## Work to be completed
Report all lines of the records that contain "than".

(Recorded data)
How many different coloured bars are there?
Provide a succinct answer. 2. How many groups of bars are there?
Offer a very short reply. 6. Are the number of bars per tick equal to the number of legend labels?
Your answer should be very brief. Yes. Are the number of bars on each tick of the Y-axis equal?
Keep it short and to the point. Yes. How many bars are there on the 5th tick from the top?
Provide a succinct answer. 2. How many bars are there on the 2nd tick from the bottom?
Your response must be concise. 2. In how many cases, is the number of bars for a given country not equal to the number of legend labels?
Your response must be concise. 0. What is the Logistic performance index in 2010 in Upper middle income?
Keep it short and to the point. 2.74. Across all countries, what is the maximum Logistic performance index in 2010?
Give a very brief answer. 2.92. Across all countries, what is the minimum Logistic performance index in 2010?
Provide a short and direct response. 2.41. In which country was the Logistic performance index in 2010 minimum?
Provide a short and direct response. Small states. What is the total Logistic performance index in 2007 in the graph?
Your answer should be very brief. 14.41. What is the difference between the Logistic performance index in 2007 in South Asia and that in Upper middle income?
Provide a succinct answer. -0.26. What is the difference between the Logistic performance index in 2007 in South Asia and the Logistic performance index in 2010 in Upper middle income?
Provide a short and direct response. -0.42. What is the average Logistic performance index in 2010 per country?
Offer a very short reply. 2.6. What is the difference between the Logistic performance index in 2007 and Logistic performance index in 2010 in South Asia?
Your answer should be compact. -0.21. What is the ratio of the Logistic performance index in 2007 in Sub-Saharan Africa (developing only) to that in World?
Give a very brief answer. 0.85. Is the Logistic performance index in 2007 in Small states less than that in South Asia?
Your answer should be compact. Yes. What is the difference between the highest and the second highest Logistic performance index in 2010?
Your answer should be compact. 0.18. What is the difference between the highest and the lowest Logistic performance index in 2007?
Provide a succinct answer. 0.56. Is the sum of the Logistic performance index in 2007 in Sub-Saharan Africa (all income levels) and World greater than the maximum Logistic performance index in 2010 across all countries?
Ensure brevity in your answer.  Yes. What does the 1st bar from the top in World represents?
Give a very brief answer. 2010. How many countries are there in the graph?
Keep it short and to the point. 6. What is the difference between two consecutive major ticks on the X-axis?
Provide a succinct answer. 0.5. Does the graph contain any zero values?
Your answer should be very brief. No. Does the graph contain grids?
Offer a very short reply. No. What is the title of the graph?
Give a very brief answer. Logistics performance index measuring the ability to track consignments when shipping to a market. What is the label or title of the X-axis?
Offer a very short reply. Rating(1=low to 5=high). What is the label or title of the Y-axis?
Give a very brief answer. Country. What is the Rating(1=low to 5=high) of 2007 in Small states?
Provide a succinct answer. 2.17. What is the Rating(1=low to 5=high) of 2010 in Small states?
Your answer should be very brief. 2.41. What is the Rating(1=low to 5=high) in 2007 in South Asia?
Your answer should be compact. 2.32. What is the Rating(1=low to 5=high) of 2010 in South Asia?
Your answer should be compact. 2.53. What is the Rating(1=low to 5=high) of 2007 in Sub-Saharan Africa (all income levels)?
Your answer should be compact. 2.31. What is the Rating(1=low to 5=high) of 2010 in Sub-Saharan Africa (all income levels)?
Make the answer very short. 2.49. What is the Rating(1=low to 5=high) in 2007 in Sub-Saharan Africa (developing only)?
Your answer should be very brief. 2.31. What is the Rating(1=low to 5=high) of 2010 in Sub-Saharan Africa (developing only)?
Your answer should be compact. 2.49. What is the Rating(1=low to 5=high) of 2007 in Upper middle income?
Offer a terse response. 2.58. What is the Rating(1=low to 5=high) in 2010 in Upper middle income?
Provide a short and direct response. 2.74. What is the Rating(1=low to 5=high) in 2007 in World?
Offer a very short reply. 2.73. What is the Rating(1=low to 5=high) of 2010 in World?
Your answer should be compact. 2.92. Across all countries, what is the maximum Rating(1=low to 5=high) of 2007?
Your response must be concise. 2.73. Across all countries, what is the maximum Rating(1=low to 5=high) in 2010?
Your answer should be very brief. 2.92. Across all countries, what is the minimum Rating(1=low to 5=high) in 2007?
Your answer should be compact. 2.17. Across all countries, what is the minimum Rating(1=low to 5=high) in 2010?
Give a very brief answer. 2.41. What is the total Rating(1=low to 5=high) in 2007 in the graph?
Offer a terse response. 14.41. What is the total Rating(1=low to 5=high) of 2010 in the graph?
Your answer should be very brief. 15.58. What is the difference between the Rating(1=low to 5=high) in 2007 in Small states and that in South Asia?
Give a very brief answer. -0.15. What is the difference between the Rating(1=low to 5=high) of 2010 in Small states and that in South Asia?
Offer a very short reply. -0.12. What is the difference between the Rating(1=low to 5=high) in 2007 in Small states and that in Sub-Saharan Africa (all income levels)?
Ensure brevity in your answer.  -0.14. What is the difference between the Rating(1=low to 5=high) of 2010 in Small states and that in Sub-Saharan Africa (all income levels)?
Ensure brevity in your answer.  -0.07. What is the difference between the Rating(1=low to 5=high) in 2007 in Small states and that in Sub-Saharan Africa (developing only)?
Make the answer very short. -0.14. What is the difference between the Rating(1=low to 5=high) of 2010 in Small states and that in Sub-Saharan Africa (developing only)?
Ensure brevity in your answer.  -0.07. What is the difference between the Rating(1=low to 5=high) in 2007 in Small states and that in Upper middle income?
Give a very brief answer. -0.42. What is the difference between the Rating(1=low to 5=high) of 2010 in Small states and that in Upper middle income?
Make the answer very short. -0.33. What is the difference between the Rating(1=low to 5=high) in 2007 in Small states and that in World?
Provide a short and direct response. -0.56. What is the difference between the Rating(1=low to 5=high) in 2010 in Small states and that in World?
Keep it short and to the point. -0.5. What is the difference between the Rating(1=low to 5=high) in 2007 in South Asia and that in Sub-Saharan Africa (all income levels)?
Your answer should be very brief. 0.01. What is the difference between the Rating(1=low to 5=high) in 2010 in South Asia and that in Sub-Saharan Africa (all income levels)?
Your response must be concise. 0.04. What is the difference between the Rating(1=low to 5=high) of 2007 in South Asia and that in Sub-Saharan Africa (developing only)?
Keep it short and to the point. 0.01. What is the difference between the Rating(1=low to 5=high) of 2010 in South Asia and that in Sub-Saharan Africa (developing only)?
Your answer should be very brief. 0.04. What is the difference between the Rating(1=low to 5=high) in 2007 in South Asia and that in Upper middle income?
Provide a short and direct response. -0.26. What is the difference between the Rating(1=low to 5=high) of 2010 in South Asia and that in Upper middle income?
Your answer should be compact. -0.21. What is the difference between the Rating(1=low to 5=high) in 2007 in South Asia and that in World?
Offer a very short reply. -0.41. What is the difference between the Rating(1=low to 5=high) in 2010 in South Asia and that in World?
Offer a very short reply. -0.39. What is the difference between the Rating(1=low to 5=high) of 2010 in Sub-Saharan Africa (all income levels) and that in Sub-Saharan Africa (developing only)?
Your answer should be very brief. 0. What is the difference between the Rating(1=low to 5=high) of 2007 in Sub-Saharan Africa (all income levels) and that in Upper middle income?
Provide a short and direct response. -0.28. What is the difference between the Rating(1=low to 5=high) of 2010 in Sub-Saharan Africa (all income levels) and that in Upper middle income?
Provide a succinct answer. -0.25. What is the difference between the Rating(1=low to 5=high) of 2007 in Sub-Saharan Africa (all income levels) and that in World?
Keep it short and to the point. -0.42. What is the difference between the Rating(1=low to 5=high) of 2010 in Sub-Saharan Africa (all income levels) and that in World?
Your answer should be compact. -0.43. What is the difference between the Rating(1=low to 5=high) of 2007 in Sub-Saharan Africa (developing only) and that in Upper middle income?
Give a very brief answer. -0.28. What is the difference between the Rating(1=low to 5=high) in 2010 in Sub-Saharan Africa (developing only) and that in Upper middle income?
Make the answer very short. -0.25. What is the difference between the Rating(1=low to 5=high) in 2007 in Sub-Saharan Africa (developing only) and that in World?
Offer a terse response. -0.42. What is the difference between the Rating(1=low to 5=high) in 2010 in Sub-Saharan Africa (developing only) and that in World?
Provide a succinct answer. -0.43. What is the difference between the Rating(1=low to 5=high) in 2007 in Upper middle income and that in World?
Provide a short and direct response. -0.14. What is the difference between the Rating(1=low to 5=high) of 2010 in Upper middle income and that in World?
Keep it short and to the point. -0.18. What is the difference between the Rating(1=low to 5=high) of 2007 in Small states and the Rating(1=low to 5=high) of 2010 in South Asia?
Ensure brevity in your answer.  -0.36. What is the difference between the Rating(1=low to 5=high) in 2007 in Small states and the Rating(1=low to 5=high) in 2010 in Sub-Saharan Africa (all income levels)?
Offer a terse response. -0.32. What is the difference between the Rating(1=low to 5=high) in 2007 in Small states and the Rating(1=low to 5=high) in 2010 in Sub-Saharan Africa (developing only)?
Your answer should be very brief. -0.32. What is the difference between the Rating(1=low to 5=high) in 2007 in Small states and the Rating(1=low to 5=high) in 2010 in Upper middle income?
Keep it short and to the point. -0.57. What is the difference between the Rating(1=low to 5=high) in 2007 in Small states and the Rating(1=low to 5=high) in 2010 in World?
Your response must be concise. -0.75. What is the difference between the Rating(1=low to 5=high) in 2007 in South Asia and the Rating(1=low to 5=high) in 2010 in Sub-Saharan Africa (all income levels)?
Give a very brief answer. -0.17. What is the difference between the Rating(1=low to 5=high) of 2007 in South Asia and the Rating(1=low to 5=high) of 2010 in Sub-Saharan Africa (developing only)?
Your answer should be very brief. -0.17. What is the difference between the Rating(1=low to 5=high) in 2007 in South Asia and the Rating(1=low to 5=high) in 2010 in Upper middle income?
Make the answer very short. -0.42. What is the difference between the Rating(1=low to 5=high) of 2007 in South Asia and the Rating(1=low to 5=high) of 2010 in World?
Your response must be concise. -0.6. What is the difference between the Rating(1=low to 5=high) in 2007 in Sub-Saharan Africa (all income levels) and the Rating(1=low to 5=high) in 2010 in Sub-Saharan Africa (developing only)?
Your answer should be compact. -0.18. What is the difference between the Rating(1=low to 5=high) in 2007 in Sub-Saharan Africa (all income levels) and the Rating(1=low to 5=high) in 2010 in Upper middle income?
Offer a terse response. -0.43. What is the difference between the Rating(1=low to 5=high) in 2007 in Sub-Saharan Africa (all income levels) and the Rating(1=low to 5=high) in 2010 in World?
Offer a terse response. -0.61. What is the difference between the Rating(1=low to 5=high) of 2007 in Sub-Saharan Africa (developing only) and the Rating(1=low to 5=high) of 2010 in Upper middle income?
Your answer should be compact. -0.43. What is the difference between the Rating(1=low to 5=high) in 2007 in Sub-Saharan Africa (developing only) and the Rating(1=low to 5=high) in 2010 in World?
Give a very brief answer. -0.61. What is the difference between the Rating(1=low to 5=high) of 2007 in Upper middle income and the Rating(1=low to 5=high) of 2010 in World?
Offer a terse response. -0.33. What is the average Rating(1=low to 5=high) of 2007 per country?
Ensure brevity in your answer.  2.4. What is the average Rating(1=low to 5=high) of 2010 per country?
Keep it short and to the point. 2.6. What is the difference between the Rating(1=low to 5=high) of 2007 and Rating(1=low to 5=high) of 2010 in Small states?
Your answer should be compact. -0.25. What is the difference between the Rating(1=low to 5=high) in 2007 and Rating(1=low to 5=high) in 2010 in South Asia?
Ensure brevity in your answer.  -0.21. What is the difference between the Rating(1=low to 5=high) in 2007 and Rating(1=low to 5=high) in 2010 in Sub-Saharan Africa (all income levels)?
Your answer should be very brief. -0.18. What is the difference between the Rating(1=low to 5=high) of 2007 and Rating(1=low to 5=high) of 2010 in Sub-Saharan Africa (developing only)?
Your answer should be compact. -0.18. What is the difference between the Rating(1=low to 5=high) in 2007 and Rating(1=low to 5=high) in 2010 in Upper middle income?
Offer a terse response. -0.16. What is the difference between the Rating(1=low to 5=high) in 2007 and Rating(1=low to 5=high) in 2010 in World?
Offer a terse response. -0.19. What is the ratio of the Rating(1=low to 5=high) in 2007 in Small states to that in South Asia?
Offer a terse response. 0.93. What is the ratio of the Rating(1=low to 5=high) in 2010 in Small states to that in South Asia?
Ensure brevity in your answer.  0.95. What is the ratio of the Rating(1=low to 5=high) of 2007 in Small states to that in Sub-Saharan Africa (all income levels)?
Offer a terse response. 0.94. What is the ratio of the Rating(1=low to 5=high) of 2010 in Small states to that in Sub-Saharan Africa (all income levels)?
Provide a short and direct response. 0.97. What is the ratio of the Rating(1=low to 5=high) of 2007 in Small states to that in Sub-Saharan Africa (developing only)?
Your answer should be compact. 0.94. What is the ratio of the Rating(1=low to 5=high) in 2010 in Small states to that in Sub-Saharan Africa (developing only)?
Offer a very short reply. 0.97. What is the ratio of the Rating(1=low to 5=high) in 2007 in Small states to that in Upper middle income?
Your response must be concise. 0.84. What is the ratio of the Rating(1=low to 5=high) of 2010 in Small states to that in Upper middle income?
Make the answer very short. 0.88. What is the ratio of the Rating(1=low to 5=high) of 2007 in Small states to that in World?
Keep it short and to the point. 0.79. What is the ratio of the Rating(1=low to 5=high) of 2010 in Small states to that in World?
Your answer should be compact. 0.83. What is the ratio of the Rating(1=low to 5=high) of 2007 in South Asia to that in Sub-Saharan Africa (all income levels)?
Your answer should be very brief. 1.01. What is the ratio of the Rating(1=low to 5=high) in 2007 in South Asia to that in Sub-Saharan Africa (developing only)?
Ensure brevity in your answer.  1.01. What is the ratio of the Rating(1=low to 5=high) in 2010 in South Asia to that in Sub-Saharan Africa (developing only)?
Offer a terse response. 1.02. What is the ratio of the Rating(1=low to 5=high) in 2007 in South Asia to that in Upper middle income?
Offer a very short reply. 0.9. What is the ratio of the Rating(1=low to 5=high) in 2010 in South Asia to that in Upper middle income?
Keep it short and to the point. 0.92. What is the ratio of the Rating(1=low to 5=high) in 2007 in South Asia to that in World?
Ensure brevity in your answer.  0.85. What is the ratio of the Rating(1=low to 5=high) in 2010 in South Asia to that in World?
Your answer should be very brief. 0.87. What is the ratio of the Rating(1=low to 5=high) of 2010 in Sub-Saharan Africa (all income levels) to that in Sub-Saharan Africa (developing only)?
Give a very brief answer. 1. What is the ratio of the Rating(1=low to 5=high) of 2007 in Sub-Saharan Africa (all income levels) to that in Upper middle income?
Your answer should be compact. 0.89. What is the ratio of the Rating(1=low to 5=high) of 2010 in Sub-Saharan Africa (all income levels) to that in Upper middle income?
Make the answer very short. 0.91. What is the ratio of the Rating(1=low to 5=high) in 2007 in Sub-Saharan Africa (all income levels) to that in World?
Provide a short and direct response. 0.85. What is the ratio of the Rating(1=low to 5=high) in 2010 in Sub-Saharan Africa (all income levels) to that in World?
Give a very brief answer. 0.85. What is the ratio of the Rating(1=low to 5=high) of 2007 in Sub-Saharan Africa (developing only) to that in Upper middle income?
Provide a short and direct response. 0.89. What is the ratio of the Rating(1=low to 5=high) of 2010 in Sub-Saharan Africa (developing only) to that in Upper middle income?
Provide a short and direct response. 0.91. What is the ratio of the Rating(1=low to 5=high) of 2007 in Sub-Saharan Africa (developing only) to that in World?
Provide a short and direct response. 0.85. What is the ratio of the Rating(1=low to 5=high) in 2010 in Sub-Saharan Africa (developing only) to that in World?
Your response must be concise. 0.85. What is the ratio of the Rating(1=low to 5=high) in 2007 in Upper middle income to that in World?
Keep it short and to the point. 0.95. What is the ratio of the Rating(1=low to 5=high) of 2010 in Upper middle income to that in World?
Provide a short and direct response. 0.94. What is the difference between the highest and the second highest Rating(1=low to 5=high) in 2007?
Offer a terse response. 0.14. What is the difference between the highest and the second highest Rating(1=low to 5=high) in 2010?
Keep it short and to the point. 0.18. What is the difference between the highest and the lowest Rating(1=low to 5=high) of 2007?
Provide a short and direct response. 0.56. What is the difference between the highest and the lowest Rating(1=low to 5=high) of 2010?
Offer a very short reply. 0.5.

## Answer to the problem
Give a very brief answer. 0.85. Is the Logistic performance index in 2007 in Small states less than that in South Asia?
Provide a succinct answer. 0.56. Is the sum of the Logistic performance index in 2007 in Sub-Saharan Africa (all income levels) and World greater than the maximum Logistic performance index in 2010 across all countries?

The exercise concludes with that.